EXPOSÉ DES MOTIFS
Mesdames, Messieurs,
Le scandale du chlordécone en Guadeloupe et en Martinique est ancien et bien connu et il revient aujourd'hui au législateur d'inscrire définitivement dans la loi le droit pour les victimes de ce pesticide d'être indemnisées des souffrances endurées.
Ancien et bien connu, ce scandale l'est d'autant plus que dès 1968, la commission interministérielle d'étude de l'emploi des toxiques en agriculture l'avait « refoulé à cause de sa grande persistance et de sa toxicité ».
Lors de sa séance du 1er février 1972, cette même commission, rappelant ses constats de 1968, autorise néanmoins la commercialisation et l'utilisation du chlordécone pour un an à titre dérogatoire, afin de lutter contre le charançon de la banane aux Antilles françaises.
Cette autorisation, qui ne devait être que temporaire et réexaminée chaque année, devient définitive. Les séances de la commission des toxiques se succèdent et l'autorisation initialement délivrée en 1972 est tacitement reconduite chaque année, en dépit des risques bien connus. En 1981, le Curlone, nouvelle formulation commerciale à base de chlordécone, est homologué.
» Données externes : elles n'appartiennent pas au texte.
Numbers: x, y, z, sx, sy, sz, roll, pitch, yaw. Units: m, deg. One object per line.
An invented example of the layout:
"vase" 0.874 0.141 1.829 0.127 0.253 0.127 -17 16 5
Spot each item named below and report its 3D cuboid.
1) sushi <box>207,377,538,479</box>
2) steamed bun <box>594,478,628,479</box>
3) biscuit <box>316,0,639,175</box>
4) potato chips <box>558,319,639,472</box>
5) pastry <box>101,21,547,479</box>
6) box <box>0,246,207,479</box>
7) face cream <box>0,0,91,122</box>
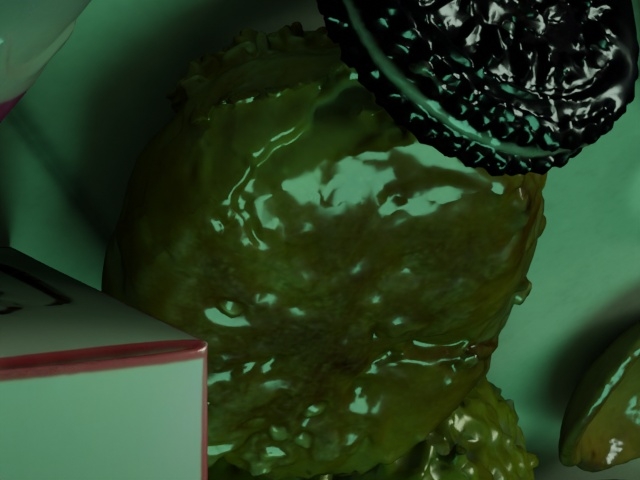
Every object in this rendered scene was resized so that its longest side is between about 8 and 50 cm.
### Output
"sushi" -0.019 0.242 1.158 0.396 0.240 0.351 -22 145 2
"steamed bun" 0.222 0.334 1.392 0.247 0.236 0.383 -46 168 26
"biscuit" 0.080 -0.122 0.794 0.194 0.195 0.053 5 153 -34
"potato chips" 0.272 0.105 1.292 0.195 0.062 0.208 -14 142 -22
"pastry" 0.000 0.000 0.923 0.255 0.162 0.311 6 131 -20
"box" -0.247 0.176 0.793 0.300 0.314 0.312 -4 100 -29
"face cream" -0.203 -0.104 0.668 0.175 0.175 0.195 17 128 -42
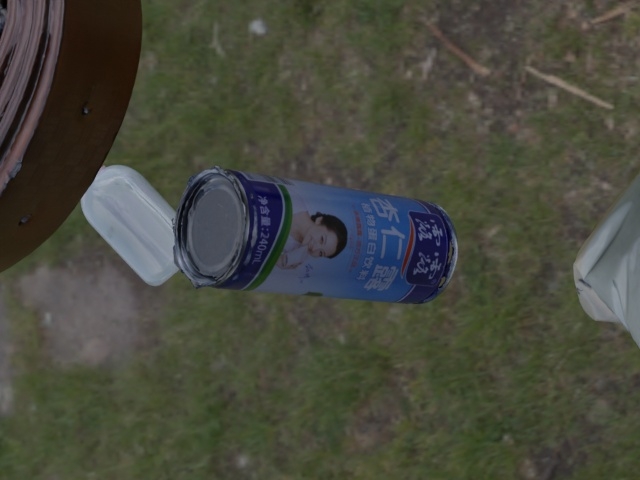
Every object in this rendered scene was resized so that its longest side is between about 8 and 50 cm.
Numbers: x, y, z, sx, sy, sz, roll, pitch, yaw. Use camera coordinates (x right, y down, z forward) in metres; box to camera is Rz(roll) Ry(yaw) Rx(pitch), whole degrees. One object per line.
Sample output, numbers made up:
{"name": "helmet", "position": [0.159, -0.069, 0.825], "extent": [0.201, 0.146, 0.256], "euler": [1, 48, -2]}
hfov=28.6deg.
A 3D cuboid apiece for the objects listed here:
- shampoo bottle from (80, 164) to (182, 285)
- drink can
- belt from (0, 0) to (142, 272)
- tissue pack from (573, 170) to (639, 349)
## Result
{"name": "shampoo bottle", "position": [-0.262, -0.043, 1.667], "extent": [0.108, 0.051, 0.221], "euler": [-38, 99, 30]}
{"name": "drink can", "position": [0.000, 0.000, 1.026], "extent": [0.097, 0.235, 0.097], "euler": [-9, 78, 47]}
{"name": "belt", "position": [-0.223, -0.090, 0.756], "extent": [0.184, 0.105, 0.261], "euler": [43, 107, 14]}
{"name": "tissue pack", "position": [0.442, -0.022, 1.298], "extent": [0.195, 0.375, 0.390], "euler": [37, 100, -13]}
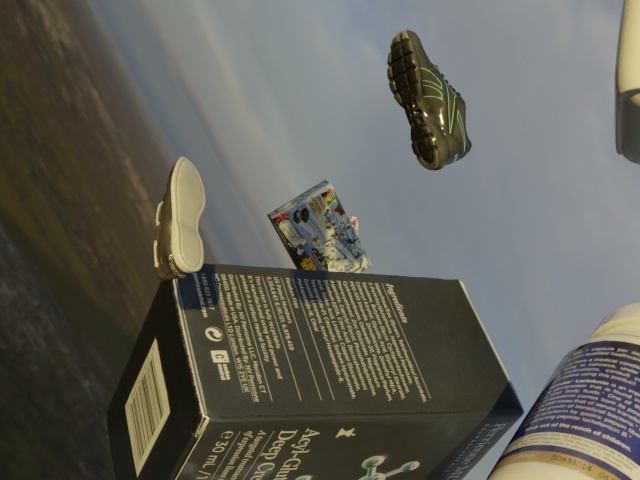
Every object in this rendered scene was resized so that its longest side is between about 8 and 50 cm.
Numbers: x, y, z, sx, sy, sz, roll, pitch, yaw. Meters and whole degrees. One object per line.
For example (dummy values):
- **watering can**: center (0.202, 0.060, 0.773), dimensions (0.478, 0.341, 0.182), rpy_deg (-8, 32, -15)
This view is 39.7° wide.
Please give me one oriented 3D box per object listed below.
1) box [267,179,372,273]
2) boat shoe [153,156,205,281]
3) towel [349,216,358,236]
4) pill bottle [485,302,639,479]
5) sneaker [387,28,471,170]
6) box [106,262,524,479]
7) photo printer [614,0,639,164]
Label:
- **box**: center (0.000, 0.000, 1.202), dimensions (0.137, 0.094, 0.027), rpy_deg (63, -10, -22)
- **boat shoe**: center (-0.130, -0.020, 0.802), dimensions (0.046, 0.038, 0.125), rpy_deg (35, 39, -48)
- **towel**: center (0.058, 0.056, 1.611), dimensions (0.197, 0.029, 0.144), rpy_deg (-83, 171, -66)
- **pill bottle**: center (0.255, 0.176, 0.767), dimensions (0.153, 0.264, 0.153), rpy_deg (21, -48, 26)
- **sneaker**: center (0.204, -0.266, 1.661), dimensions (0.101, 0.106, 0.268), rpy_deg (-12, -85, 64)
- **box**: center (-0.020, 0.206, 1.064), dimensions (0.294, 0.395, 0.212), rpy_deg (-61, -143, 39)
- **photo printer**: center (0.504, -0.280, 1.331), dimensions (0.307, 0.107, 0.256), rpy_deg (38, 61, -67)
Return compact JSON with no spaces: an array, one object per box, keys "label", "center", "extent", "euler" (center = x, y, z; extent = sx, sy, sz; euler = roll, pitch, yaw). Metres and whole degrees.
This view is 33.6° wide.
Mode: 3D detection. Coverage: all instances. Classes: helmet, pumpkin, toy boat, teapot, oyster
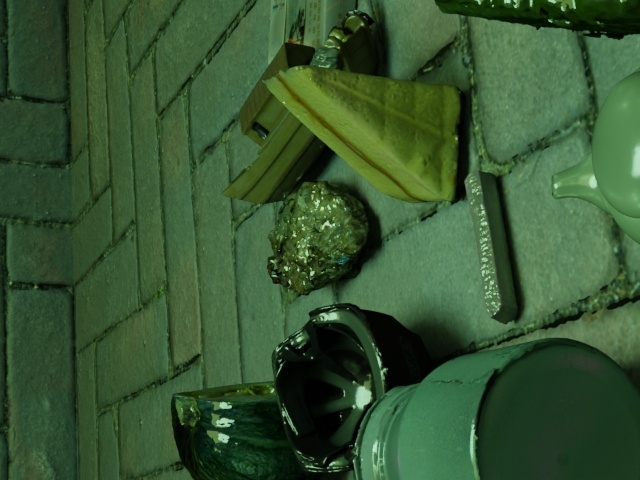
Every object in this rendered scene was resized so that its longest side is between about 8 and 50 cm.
[{"label":"helmet","center":[0.070,0.208,1.514],"extent":[0.305,0.177,0.224],"euler":[-32,64,50]},{"label":"pumpkin","center":[-0.112,0.342,1.769],"extent":[0.293,0.264,0.196],"euler":[168,100,-65]},{"label":"toy boat","center":[-0.053,-0.209,1.803],"extent":[0.445,0.162,0.136],"euler":[-52,1,46]},{"label":"teapot","center":[0.358,-0.044,0.997],"extent":[0.318,0.149,0.220],"euler":[-114,36,-45]},{"label":"oyster","center":[-0.008,-0.002,1.755],"extent":[0.260,0.092,0.198],"euler":[19,96,45]}]

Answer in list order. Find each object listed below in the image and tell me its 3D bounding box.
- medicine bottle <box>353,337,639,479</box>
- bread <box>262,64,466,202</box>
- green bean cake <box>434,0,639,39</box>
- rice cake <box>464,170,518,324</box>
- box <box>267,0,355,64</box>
[{"label":"medicine bottle","center":[0.190,0.243,1.191],"extent":[0.290,0.245,0.244],"euler":[-22,67,60]},{"label":"bread","center":[0.053,-0.144,1.498],"extent":[0.168,0.264,0.163],"euler":[178,97,-69]},{"label":"green bean cake","center":[0.291,-0.291,0.958],"extent":[0.319,0.335,0.218],"euler":[23,108,58]},{"label":"rice cake","center":[0.223,0.007,1.376],"extent":[0.036,0.047,0.206],"euler":[-32,60,51]},{"label":"box","center":[-0.018,-0.393,1.881],"extent":[0.233,0.067,0.149],"euler":[6,92,63]}]
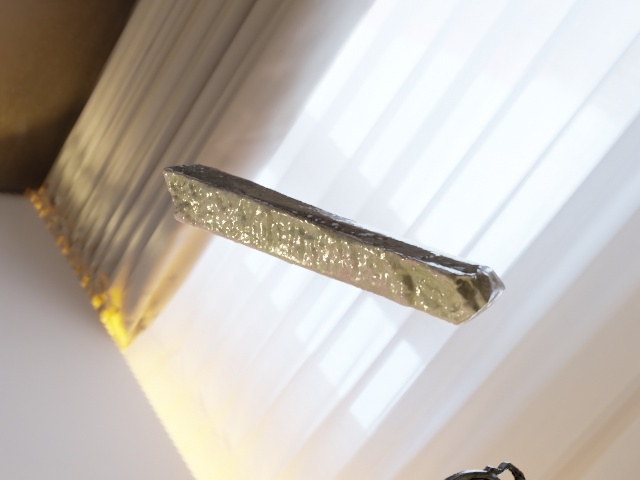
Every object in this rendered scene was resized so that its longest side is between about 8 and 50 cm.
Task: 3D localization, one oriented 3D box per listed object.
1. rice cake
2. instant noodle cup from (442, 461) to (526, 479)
[{"bbox_3d":[0.000,0.000,0.983,0.365,0.056,0.073,19,-162,29],"label":"rice cake"},{"bbox_3d":[0.106,0.302,0.964,0.177,0.125,0.208,54,-129,-14],"label":"instant noodle cup"}]
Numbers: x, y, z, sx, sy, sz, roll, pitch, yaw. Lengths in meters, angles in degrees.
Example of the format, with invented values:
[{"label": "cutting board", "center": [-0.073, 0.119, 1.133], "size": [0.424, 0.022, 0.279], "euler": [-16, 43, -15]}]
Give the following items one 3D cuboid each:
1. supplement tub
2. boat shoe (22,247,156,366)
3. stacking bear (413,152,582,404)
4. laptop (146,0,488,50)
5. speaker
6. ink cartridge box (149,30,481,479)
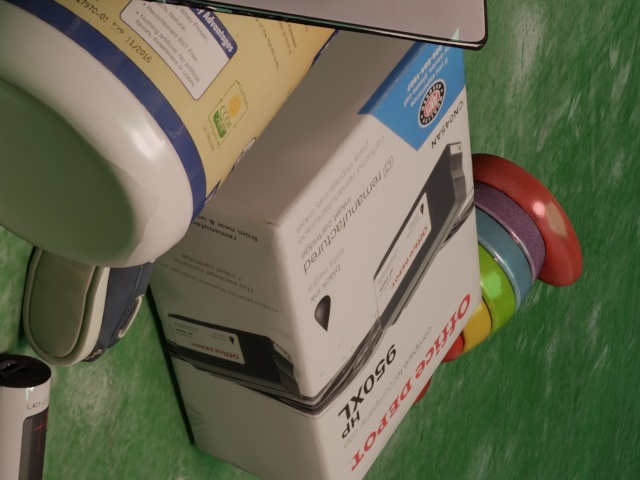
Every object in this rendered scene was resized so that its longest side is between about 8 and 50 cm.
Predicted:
[{"label": "supplement tub", "center": [-0.109, -0.163, 1.194], "size": [0.316, 0.228, 0.228], "euler": [-54, 151, -28]}, {"label": "boat shoe", "center": [-0.150, -0.024, 1.375], "size": [0.079, 0.095, 0.254], "euler": [-16, 124, -58]}, {"label": "stacking bear", "center": [0.120, 0.059, 1.917], "size": [0.289, 0.175, 0.164], "euler": [-47, 150, -24]}, {"label": "laptop", "center": [-0.039, -0.345, 1.013], "size": [0.408, 0.236, 0.382], "euler": [6, 74, -24]}, {"label": "speaker", "center": [-0.236, 0.156, 1.390], "size": [0.055, 0.055, 0.136], "euler": [-27, 132, -55]}, {"label": "ink cartridge box", "center": [0.000, 0.000, 1.606], "size": [0.285, 0.166, 0.395], "euler": [-52, 150, -31]}]
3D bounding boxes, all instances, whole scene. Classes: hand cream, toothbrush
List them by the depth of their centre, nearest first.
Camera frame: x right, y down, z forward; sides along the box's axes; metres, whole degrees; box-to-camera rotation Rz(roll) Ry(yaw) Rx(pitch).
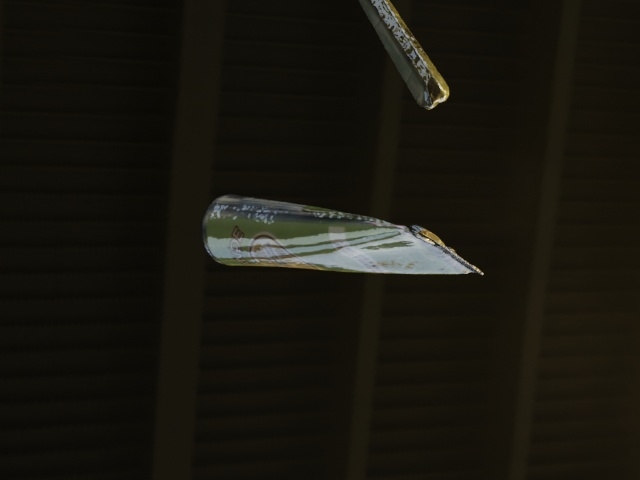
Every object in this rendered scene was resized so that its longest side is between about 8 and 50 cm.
[{"bbox_3d":[0.024,-0.200,0.993,0.031,0.297,0.030,-30,-35,4],"label":"toothbrush"},{"bbox_3d":[0.000,0.000,1.000,0.086,0.235,0.055,29,-107,-48],"label":"hand cream"}]
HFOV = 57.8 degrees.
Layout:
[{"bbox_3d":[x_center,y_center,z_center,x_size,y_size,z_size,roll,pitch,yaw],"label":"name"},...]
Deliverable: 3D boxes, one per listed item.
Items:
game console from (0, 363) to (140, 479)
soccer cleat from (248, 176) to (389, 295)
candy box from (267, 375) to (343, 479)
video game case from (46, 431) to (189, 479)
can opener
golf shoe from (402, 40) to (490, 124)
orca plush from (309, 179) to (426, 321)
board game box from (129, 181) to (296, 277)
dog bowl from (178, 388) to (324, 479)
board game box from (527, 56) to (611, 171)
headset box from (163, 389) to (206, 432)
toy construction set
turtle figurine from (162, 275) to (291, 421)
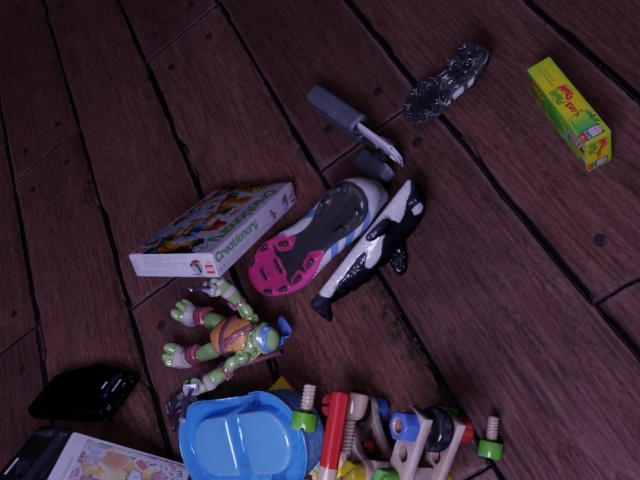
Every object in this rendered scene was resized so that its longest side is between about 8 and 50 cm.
[{"bbox_3d":[-0.527,0.382,1.134,0.213,0.044,0.361,-6,32,26],"label":"game console"},{"bbox_3d":[0.000,0.000,1.103,0.331,0.143,0.116,-39,79,33],"label":"soccer cleat"},{"bbox_3d":[-0.041,0.346,1.009,0.105,0.027,0.206,-46,56,0],"label":"candy box"},{"bbox_3d":[-0.351,0.438,0.985,0.206,0.226,0.026,-88,20,-64],"label":"video game case"},{"bbox_3d":[0.058,-0.215,1.175,0.095,0.076,0.283,-48,54,1],"label":"can opener"},{"bbox_3d":[0.248,-0.292,1.118,0.198,0.093,0.077,-38,74,37],"label":"golf shoe"},{"bbox_3d":[0.107,0.034,1.024,0.102,0.151,0.287,38,77,1],"label":"orca plush"},{"bbox_3d":[-0.199,-0.027,1.135,0.192,0.053,0.305,-1,28,27],"label":"board game box"},{"bbox_3d":[-0.116,0.335,0.976,0.297,0.074,0.166,-20,81,37],"label":"dog bowl"},{"bbox_3d":[0.416,-0.212,0.972,0.043,0.092,0.181,-30,58,12],"label":"board game box"},{"bbox_3d":[-0.257,0.324,1.130,0.083,0.032,0.062,-37,56,11],"label":"headset box"},{"bbox_3d":[0.072,0.336,0.805,0.257,0.308,0.237,1,74,37],"label":"toy construction set"},{"bbox_3d":[-0.221,0.168,1.058,0.266,0.274,0.198,-10,98,48],"label":"turtle figurine"}]
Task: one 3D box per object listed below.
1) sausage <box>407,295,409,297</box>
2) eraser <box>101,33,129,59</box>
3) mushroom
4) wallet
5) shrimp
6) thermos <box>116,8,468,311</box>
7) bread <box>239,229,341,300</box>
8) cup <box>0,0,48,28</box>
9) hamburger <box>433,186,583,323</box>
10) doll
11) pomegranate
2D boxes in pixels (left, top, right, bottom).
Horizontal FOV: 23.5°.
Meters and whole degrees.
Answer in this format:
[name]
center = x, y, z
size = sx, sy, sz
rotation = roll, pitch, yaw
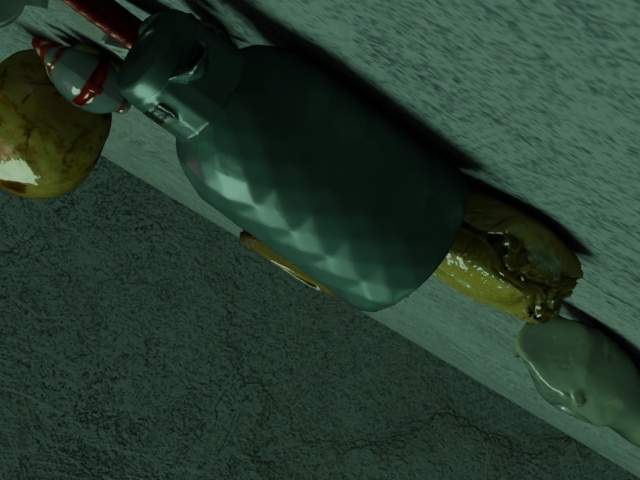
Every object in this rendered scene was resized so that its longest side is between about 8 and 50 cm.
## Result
[sausage]
center = 0.048, 0.027, 2.380
size = 0.269, 0.033, 0.033
rotation = 35, 174, -34
[eraser]
center = -0.180, -0.195, 1.571
size = 0.052, 0.029, 0.122
rotation = 35, 174, -30
[mushroom]
center = 0.332, 0.170, 1.731
size = 0.351, 0.097, 0.109
rotation = 31, 180, -44
[wallet]
center = -0.161, -0.181, 1.395
size = 0.196, 0.020, 0.103
rotation = 38, -166, 10
[shrimp]
center = -0.102, -0.159, 1.293
size = 0.065, 0.056, 0.165
rotation = 7, 177, 27
[thermos]
center = -0.035, -0.073, 1.220
size = 0.286, 0.145, 0.182
rotation = 35, 166, -24
[bread]
center = 0.000, 0.000, 2.006
size = 0.199, 0.104, 0.199
rotation = 29, 171, 5
[cup]
center = -0.362, -0.276, 1.733
size = 0.104, 0.074, 0.116
rotation = 3, -171, -18
[hamburger]
center = 0.148, 0.012, 1.311
size = 0.147, 0.083, 0.138
rotation = 26, 169, 39
[doll]
center = -0.301, -0.208, 1.945
size = 0.142, 0.076, 0.245
rotation = 32, 179, -19
[pomegranate]
center = -0.405, -0.167, 2.178
size = 0.215, 0.215, 0.215
rotation = 31, 175, 3
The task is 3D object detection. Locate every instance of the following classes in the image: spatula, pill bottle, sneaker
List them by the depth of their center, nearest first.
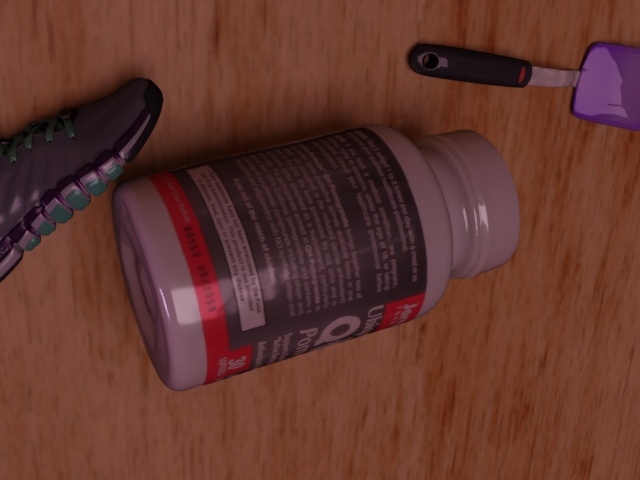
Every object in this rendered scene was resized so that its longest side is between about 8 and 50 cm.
[{"bbox_3d":[-0.224,-0.060,0.698,0.223,0.083,0.098,-44,119,-1],"label":"sneaker"},{"bbox_3d":[0.000,0.000,0.776,0.318,0.176,0.176,-15,119,-19],"label":"pill bottle"},{"bbox_3d":[0.217,-0.162,0.896,0.296,0.030,0.084,2,111,-27],"label":"spatula"}]
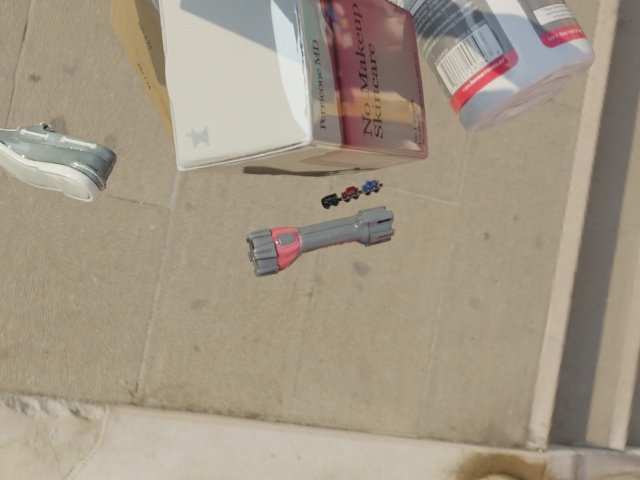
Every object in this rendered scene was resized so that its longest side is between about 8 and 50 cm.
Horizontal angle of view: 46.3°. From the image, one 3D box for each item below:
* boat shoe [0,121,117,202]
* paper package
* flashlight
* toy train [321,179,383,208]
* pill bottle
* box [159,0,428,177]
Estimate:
[{"bbox_3d":[-0.507,-0.160,1.381,0.099,0.319,0.116,-58,150,-22],"label":"boat shoe"},{"bbox_3d":[-0.272,-0.399,1.494,0.168,0.309,0.324,-27,86,-23],"label":"paper package"},{"bbox_3d":[0.000,0.000,1.582,0.304,0.103,0.103,-12,114,-15],"label":"flashlight"},{"bbox_3d":[0.075,-0.115,1.819,0.158,0.027,0.036,-18,137,14],"label":"toy train"},{"bbox_3d":[0.183,-0.309,0.926,0.176,0.176,0.318,-24,81,-19],"label":"pill bottle"},{"bbox_3d":[-0.011,-0.137,0.648,0.232,0.127,0.148,-7,90,-61],"label":"box"}]
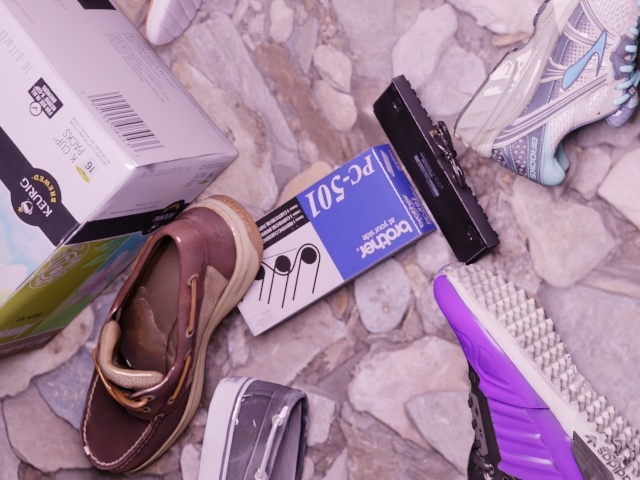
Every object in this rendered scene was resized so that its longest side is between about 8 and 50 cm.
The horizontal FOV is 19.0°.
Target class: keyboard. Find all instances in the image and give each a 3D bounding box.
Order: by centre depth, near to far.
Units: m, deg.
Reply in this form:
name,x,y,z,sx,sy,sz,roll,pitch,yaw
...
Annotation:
name,x,y,z,sx,sy,sz,roll,pitch,yaw
keyboard,0.110,-0.068,1.764,0.023,0.108,0.180,-28,84,-19

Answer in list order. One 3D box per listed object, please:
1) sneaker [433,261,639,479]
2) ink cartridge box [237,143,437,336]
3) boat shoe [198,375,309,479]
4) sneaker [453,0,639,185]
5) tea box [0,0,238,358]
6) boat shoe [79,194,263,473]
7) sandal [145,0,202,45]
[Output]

Les risques sont d'autant mieux connus qu'en octobre 1976, la rivière James, qui longeait le site de production du pesticide à Hopewell, aux États-Unis, est interdite d'accès pendant treize ans à la suite de sa contamination au Kepone - autre nom du chlordécone. À la même époque, le tribunal de Richmond condamne plusieurs industriels, et notamment Allied Chemical, qui avait mis au point le pesticide, à une amende de 3 millions de dollars, et Life Science Products, qui avait repris sa production, à une amende de 13,5 millions de dollars (équivalant à 123 millions d'euros aujourd'hui).
Alors qu'ils avaient connaissance de la toxicité du Kepone pour l'homme et l'environnement, les chimistes des deux sociétés avaient caché cette information, et ont donc été reconnus coupables de pas moins de 95 infractions au code de Virginie.
Ainsi, dès le milieu des années 1970, il n'est plus question, aux États-Unis, de produire ou d'utiliser le chlordécone. Les ouvriers de l'usine d'Hopewell ont souffert d'intoxications aiguës à ce pesticide et les eaux polluées de la rivière James suffisent à convaincre les autorités que ce pesticide ne peut être utilisé sans danger.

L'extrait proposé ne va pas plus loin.